You can use the spark.marklogic.read.documents.partitionsPerForest option to control the number of readers. You should adjust this based on your cluster configuration. For example, a default REST API app server will have 32 server threads and 3 forests per host. 4 partition readers will thus utilize 12 of the 32 server threads. If the app server is not servicing any other requests, performance will typically be improved by configuring 8 partitions per forest. Note that the spark.marklogic.read.numPartitions option does not have any impact; that is only used when reading via an Optic query.

Each partition reader will make one to many calls to MarkLogic to retrieve documents. The spark.marklogic.read.batchSize option controls how many documents will be retrieved in a call. The value defaults to 500. For smaller documents, particularly those with 10 elements or fewer, you may find a batch size of 1,000 or even 10,000 to provide better performance.

As an example, consider a query that matches 120,000 documents in a cluster with 3 hosts and 2 forests on each host. The connector will default to creating 24 partitions - 4 for each of the 6 forests. Each partition reader will read approximately 5,000 documents. With a default batch size of 500, each partition reader will make approximately 10 calls to MarkLogic (these numbers are all approximate as a forest may have slightly more or less than 20,000 documents). Depending on the size of the documents and whether the cluster is servicing other requests, performance may improve with more partition readers and a higher batch size.

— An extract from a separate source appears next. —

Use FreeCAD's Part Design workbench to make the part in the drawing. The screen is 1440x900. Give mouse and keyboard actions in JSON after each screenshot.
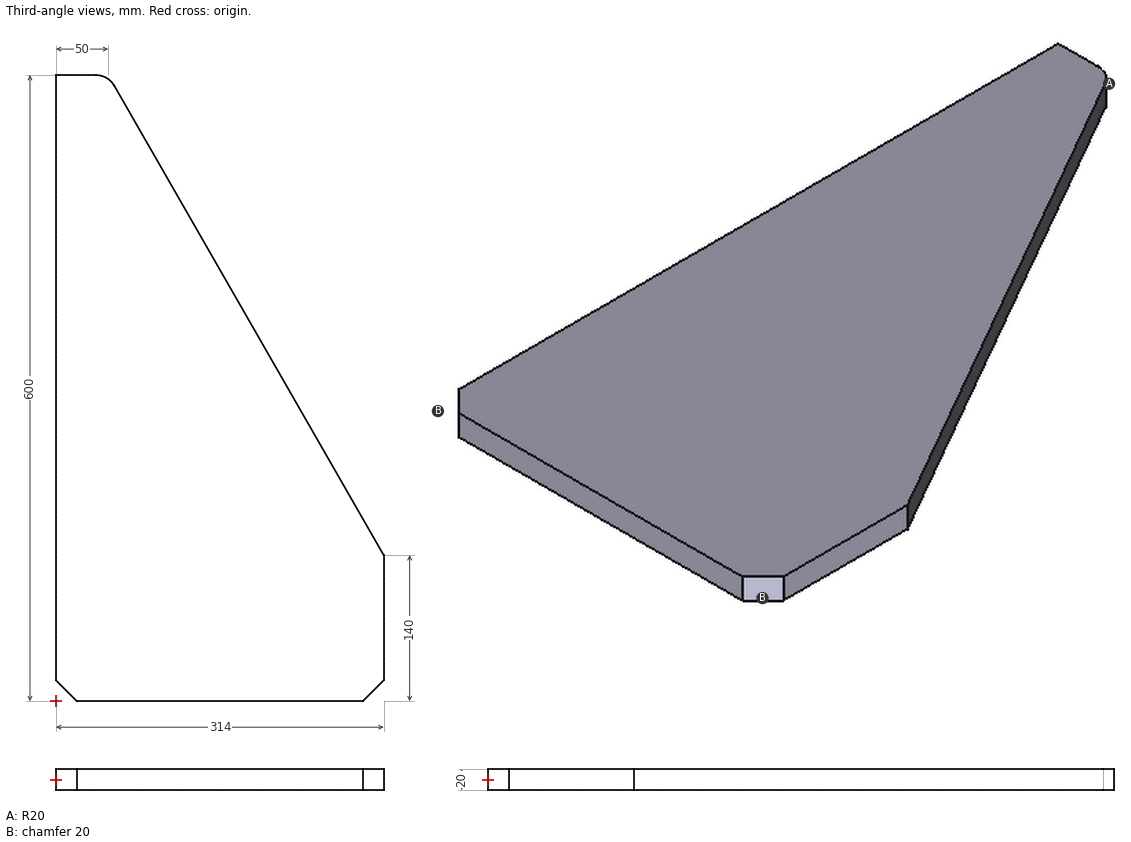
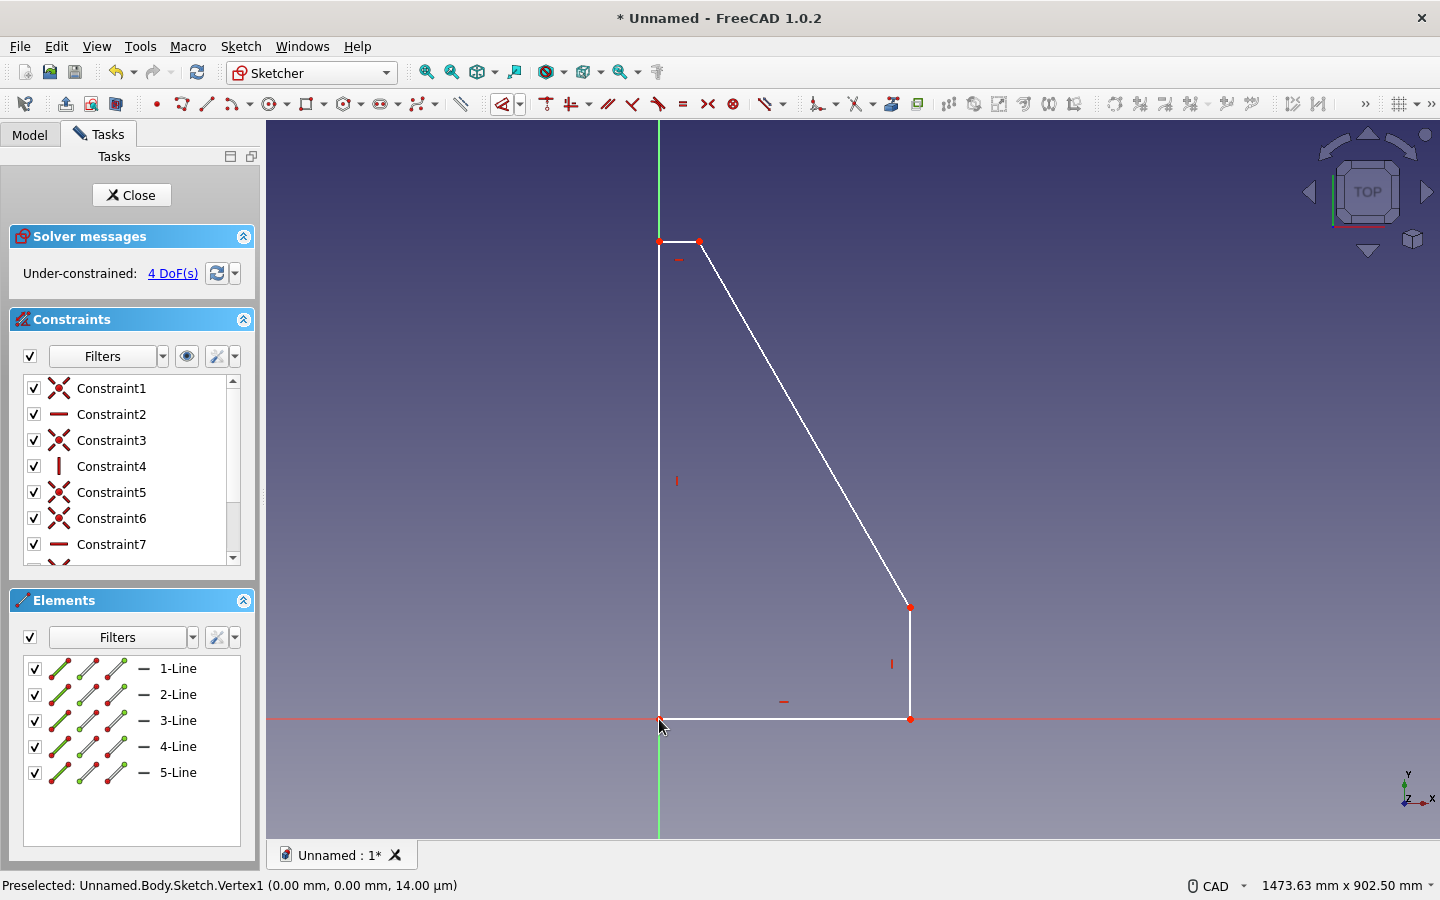
{"action": "key", "text": "d"}

You can also adjust the level of parallelism by controlling how many threads Spark uses for executing partition reads. Please see your Spark distribution’s documentation for further information.

Using a load balancer

If your MarkLogic cluster has multiple hosts, it is highly recommended to put a load balancer in front of your cluster and have the connector connect through the load balancer. A typical load balancer will help ensure not only that load is spread across the hosts in your cluster, but that any network or connection failures can be retried without the error propagating to the connector.

Direct connections to hosts

If you do not have a load balancer in front of your MarkLogic cluster, and your Spark program is able to connect to each host in your MarkLogic cluster, you can set the spark.marklogic.client.connectionType option to direct. Each partition reader will then connect to the host on which the reader’s assigned forest resides. This will typically improve performance by reducing the network traffic, as the host that receives a request will not need to involve any other host in the processing of that request.